In that case I don't see how you can possibly avoid using storage, so h5py or something like that it is.

Removing the first column from each operand

This is just a matter of slicing:

a_no_id = a[:, 1:]

etc. Note that, unlike Python lists, NumPy arrays when sliced do not return a copy but a view. Therefore efficiency (memory or runtime) is not an issue here.

Answer 2

An alternate solution is to create a cartesian product of indices (which is easier, as solutions for cartesian products of 1D arrays exist):

idx = cartesian_product(
    np.arange(len(a)),
    np.arange(len(b)) + len(a),
    np.arange(len(a))
)

And then use fancy indexing to create the output array:

x = np.concatenate((a, b))
result = x[idx.ravel(), :].reshape(*idx.shape, -1)

Answer 3

Writing results efficiently on disk

At first a few minds on the size of the resulting data.

Size of the result data

size_in_GB = A.shape[0]**2*A.shape[1]*B.shape[0]*(size_of_datatype)/1e9

In your question you mentioned A.shape=(10000,50), B=(40,50). Using float64 your result will be aproximately 1600 GB. This can be done without problems if you have enough disk space, but you have to think what you wan't to do with the data next. Maybe this is only a intermediate result and processing the data in blocks is possible.

If this is not the case here is an example how to handle 1600GB of data efficiently (RAM usage will be about 200 MB). The troughput should be around 200 MB/s on realistic data.

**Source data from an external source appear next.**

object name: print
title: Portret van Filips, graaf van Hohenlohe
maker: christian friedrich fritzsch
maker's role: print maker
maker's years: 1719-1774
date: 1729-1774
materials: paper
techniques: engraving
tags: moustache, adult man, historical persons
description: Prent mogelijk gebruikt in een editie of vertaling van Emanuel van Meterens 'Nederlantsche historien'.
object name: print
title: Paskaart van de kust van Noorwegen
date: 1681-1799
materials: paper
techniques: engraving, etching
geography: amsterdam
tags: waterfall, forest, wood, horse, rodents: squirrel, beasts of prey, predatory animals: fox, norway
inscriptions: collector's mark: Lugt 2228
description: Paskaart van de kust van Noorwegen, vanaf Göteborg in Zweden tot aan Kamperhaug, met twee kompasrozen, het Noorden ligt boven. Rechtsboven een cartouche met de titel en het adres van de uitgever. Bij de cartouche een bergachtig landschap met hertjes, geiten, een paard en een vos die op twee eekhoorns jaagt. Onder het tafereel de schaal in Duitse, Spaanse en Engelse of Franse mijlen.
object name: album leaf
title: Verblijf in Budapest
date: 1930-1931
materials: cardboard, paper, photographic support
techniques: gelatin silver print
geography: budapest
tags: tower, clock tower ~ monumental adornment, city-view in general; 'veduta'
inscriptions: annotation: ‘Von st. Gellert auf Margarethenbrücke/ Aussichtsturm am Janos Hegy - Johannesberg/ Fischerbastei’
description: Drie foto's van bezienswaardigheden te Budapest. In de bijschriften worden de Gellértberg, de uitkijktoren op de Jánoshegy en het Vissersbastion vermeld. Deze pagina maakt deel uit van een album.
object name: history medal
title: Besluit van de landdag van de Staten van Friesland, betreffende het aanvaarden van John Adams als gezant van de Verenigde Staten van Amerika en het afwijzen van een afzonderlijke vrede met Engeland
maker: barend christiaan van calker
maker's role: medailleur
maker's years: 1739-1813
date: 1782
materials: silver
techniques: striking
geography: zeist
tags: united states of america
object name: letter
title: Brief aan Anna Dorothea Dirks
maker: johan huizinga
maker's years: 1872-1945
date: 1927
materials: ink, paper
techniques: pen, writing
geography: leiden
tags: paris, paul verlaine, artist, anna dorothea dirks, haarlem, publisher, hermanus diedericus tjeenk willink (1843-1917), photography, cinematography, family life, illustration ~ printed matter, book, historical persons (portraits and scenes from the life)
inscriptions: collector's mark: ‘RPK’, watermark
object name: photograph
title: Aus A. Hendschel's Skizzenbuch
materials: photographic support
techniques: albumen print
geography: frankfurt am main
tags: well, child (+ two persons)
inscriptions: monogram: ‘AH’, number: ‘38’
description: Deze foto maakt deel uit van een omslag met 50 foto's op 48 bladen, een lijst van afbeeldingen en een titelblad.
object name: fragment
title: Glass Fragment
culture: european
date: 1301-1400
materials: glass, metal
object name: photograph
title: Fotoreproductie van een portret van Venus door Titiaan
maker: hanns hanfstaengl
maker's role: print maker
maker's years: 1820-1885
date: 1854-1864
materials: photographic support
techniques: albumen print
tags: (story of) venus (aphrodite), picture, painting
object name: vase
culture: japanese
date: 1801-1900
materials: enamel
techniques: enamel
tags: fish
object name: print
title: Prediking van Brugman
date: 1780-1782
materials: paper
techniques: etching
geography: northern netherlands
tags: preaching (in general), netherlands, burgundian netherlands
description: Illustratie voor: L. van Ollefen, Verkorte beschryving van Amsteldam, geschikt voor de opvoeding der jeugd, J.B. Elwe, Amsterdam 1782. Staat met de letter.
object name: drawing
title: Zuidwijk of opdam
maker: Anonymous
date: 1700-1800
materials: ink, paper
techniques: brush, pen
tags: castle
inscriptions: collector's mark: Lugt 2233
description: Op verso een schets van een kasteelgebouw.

The code calculating the results is from @PaulPanzer.

import numpy as np
import tables #register blosc
import h5py as h5
import h5py_cache as h5c

a=np.arange(500*50).reshape(500, 50)
b=np.arange(40*50).reshape(40, 50)

# isn't well documented, have a look at https://github.com/Blosc/hdf5-blosc
compression_opts=(0, 0, 0, 0, 5, 1, 1)
compression_opts[4]=9 #compression level 0...9
compression_opts[5]=1 #shuffle
compression_opts[6]=1 #compressor (I guess that's lz4)

File_Name_HDF5='Test.h5'
f = h5.File(File_Name_HDF5, 'w',chunk_cache_mem_size=1024**2*300)
dset = f.create_dataset('Data', shape=(a.shape[0]**2*b.shape[0],a.shape[1]),dtype='d',chunks=(a.shape[0]*b.shape[0],1),compression=32001,compression_opts=(0, 0, 0, 0, 9, 1, 1), shuffle=False)

#Write the data
for i in range(a.shape[0]):
  sh = a.shape[1:]
  aba = (a[i] + b[:, None] - a).reshape(-1, *sh)
  dset[i*a.shape[0]*b.shape[0]:(i+1)*a.shape[0]*b.shape[0]]=aba

f.close()

Reading the data

File_Name_HDF5='Test.h5'
f = h5c.File(File_Name_HDF5, 'r',chunk_cache_mem_size=1024**2*300)
dset=f['Data']
chunks_size=500
for i in range(0,dset.shape[0],chunks_size):
  #Iterate over the first column
  data=dset[i:i+chunks_size,:] #avoid excessive calls to the hdf5 library
  #Do something with the data

f.close()

f = h5c.File(File_Name_HDF5, 'r',chunk_cache_mem_size=1024**2*300)
dset=f['Data']
for i in range(dset.shape[1]):
  # Iterate over the second dimension
  # fancy indexing e.g.[:,i] will be much slower
  # use np.expand_dims or in this case np.squeeze after the read operation from the dset
  # if you wan't to have the same result than [:,i] (1 dim array)
  data=dset[:,i:i+1] 
  #Do something with the data

f.close()

On this test example I get a write throughput of about 550 M/s, a read throuhput of about (500 M/s first dim, 1000M/s second dim) and a compression ratio of 50. Numpy memmap will only provide acceptable speed if you read or write data along the fastest changing direction (in C the last dimension), with a chunked data format used by HDF5 here, this isn't a problem at all. Compression is also not possible with Numpy memmap, leading to higher file sizes and slower speed.

Please note that the compression filter and chunk shape have to be set up to your needs. This depends on how you wan't to read the data afterwards and the actual data.

If you do something completely wrong, the perfornance can be 10-100 times slower compared to a proper way to do it (e.g. the chunkshape can be optimized for the first or the second read example).